Kahvalıda ilk kez balık ürünleri görüyordum benim için mide bulandırıcıydı ama konaklıyanların yarısı uzak doğulu olunca açık büfede  ot bulmacından suşiye kadar her şey vardı.
Yaklaşık on saatim vardı.
Önce Santosa adasına gittim. Diğer ulaşım yollarını bilemediğimden yükseklik korkuma iyi gelen telefirikle gittim adaya.
İş işten geçtikten sonra hem kara yolu hem deniz yoluylada gidiş olduğunu öğrendim. Hem pahalı hem beni korkutan yolu seçtiğim daha doğrusu aksanlarını anyamadığımdan içine düştüğüm bu seçenekten dolayı canım sıkkındı.
Ada çok eğlenceliydi.
Bir küçük müzesi ve yarısı balık yarısı ejderha figürleri vardı ,rengarenk bir adaydı.
Neşem yerine gelmişti tüm adanın tüm etkinliklerini gezdiğimi düşünmüştüm ama yerda döndüğümde. Tüh orada dünyanın en büyük akvaryumu vardı nasıl görmeden geldin dediler.
Muhattap olduğum hiçbir Singapurlunun dediğini anlayamadım, hayatımda duyduğum en kötü İngilizce aksanıydı konuştukları .Bir süre sonra insanlarla konuşmayı bıraktım. İngilizce resmi dillerinden biriymiş Singapurun.

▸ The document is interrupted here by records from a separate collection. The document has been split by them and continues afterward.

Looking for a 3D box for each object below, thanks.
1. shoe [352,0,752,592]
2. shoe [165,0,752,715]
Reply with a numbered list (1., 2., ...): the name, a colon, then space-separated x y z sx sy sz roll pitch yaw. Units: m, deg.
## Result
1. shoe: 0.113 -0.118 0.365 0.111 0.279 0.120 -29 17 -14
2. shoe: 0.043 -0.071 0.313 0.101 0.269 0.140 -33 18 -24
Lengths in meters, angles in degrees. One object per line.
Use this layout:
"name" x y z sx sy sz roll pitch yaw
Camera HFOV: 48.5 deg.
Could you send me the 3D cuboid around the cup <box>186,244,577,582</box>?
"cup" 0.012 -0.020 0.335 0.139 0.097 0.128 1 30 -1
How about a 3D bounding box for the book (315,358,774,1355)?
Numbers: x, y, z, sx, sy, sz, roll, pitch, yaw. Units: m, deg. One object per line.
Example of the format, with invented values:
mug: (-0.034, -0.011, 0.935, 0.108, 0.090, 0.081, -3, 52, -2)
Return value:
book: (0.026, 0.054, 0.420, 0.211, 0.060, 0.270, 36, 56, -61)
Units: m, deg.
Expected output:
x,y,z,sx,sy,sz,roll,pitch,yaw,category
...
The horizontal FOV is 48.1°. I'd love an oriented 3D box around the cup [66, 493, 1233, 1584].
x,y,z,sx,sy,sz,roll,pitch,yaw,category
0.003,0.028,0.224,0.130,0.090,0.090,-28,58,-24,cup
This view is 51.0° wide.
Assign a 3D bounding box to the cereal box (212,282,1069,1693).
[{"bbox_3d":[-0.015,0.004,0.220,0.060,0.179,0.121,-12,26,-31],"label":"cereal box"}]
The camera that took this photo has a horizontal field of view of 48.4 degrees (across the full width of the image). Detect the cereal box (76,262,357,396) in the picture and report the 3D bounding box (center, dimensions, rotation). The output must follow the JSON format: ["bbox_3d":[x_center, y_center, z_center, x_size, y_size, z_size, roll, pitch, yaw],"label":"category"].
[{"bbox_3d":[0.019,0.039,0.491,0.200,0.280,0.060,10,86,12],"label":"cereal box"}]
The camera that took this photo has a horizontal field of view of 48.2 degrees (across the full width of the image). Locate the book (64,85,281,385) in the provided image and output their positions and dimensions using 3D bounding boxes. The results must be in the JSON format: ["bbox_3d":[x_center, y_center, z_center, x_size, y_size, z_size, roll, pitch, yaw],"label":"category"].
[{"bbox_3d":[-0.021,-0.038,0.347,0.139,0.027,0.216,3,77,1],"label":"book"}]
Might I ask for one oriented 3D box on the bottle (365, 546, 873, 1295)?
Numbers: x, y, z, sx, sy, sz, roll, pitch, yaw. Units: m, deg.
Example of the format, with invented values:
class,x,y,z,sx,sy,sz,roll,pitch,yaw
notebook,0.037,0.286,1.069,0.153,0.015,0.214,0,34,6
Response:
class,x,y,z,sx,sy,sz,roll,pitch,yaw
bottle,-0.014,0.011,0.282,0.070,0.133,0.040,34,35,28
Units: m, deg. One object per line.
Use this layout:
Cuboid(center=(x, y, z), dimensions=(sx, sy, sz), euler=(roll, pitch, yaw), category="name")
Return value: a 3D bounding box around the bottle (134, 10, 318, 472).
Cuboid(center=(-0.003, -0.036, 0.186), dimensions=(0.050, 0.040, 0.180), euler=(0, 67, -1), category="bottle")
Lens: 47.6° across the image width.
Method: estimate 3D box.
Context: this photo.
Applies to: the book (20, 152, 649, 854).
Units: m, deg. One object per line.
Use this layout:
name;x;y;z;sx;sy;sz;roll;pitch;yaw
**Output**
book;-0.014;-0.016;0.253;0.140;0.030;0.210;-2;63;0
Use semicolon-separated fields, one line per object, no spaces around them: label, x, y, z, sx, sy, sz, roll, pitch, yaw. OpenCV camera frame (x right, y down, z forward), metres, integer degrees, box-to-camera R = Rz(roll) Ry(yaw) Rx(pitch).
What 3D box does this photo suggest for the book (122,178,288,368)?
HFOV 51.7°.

Hayatımda gördüğüm en temiz tuvaletler  Singapurdaydı,evet söylelenler doğruymuş tuvaletler kullanıldıktan hemen sonra bir görevli içeri girip kontrol ediyor.
Birkaç saatimi adada geçirdikten sonra Orcdid streetteki mağzaları gezdim çok büyük,çok teknolojik ve sevimsizlerdi ama caddede beş dakika  bulunduktan sonra illaki bir alış veriş merkezine gidip klimayla serinlemek gerekiyor.

Singapur şehir devletini bir günde gezmeye çalışmıştım ,anılarımda dünyanın en temiz ülkesi olarak kaldı.